_MATERIAL FOR THIS TASK_:
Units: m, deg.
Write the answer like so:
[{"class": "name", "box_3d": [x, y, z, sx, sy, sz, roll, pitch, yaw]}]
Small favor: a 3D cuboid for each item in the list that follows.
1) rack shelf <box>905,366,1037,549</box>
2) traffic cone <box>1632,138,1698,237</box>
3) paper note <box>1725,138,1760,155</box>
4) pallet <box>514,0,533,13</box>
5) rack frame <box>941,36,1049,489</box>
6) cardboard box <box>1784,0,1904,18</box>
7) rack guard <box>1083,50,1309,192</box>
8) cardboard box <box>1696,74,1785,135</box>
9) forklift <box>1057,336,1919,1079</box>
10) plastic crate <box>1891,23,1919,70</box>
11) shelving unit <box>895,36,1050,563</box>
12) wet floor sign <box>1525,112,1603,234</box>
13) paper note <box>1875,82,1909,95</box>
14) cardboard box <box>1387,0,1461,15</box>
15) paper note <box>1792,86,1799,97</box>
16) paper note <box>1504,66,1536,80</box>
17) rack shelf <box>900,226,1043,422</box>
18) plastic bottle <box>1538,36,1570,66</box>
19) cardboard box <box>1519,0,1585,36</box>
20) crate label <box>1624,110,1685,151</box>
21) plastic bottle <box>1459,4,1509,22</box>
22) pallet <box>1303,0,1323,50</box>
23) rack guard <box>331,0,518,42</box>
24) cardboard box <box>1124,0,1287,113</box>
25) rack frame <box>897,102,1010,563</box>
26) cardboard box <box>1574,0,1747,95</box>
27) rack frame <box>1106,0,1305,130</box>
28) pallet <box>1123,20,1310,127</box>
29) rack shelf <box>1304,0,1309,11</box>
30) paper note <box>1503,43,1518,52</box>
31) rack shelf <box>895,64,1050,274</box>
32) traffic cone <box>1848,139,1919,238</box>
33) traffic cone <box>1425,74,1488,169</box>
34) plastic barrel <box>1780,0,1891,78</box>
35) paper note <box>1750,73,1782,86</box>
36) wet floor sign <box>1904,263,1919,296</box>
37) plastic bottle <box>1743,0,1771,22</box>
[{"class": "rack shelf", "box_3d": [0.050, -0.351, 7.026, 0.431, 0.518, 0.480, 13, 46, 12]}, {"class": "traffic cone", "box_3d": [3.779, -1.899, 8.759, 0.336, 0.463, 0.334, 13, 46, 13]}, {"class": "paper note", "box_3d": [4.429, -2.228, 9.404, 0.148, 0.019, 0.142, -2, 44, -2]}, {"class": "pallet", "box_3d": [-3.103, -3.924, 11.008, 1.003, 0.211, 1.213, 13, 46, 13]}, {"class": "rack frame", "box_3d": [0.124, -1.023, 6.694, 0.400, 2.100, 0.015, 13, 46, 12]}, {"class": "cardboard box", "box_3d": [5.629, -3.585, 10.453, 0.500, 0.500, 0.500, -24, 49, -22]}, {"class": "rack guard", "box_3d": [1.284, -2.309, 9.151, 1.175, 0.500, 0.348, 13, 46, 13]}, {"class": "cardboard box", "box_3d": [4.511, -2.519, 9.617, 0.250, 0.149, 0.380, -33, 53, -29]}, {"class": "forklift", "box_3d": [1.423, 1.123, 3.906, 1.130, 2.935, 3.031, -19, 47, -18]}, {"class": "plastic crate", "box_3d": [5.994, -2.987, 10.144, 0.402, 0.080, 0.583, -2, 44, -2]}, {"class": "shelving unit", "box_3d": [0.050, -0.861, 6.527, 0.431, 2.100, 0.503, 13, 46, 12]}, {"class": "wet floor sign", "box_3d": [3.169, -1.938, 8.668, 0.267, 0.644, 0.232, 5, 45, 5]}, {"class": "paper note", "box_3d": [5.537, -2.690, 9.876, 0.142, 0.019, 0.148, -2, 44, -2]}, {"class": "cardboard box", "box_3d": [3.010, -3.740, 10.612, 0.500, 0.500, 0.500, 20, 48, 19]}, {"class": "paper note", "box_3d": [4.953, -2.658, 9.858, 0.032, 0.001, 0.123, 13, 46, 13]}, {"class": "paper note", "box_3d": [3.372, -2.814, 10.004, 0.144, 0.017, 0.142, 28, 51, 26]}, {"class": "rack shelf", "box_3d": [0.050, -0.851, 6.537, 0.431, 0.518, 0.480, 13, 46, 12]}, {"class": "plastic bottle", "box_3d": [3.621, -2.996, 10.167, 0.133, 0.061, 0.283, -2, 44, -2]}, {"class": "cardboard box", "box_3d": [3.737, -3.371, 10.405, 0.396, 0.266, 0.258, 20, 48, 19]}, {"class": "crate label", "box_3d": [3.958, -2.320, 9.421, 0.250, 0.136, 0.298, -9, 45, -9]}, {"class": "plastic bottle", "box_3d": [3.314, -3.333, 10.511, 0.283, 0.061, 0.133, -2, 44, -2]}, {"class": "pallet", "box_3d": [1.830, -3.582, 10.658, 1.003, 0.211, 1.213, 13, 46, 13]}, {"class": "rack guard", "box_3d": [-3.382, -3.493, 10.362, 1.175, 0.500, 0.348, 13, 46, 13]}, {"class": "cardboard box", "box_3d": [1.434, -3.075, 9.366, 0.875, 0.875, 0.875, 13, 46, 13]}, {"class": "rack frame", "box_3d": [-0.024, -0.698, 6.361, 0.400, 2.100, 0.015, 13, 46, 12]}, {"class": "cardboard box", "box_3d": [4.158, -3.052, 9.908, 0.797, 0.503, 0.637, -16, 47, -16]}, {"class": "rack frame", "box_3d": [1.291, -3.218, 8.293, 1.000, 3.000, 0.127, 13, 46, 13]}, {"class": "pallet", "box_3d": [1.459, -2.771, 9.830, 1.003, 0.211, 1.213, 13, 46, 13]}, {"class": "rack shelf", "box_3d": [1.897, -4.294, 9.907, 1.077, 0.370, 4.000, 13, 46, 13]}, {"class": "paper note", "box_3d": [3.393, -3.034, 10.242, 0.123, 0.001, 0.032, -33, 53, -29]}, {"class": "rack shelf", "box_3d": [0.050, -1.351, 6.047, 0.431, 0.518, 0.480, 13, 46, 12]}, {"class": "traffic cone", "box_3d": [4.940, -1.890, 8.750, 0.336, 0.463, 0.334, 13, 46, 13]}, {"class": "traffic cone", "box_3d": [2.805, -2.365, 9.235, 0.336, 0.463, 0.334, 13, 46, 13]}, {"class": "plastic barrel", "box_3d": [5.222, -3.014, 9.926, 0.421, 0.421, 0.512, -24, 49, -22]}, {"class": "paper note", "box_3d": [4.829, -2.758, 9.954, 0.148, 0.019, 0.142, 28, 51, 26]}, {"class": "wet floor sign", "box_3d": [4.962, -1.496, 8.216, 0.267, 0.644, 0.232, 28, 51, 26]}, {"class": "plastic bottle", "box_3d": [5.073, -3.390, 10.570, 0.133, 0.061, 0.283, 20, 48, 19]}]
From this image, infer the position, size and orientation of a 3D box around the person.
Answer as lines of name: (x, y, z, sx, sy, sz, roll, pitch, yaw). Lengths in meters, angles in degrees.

_ASSIGNED TASK_:
What lines of the preceding data include the string "pitch"? Pull them out.

_REPLY TO THE TASK_:
[{"class": "name", "box_3d": [x, y, z, sx, sy, sz, roll, pitch, yaw]}]
Answer as lines of name: (x, y, z, sx, sy, sz, roll, pitch, yaw). Lengths in meters, angles in degrees.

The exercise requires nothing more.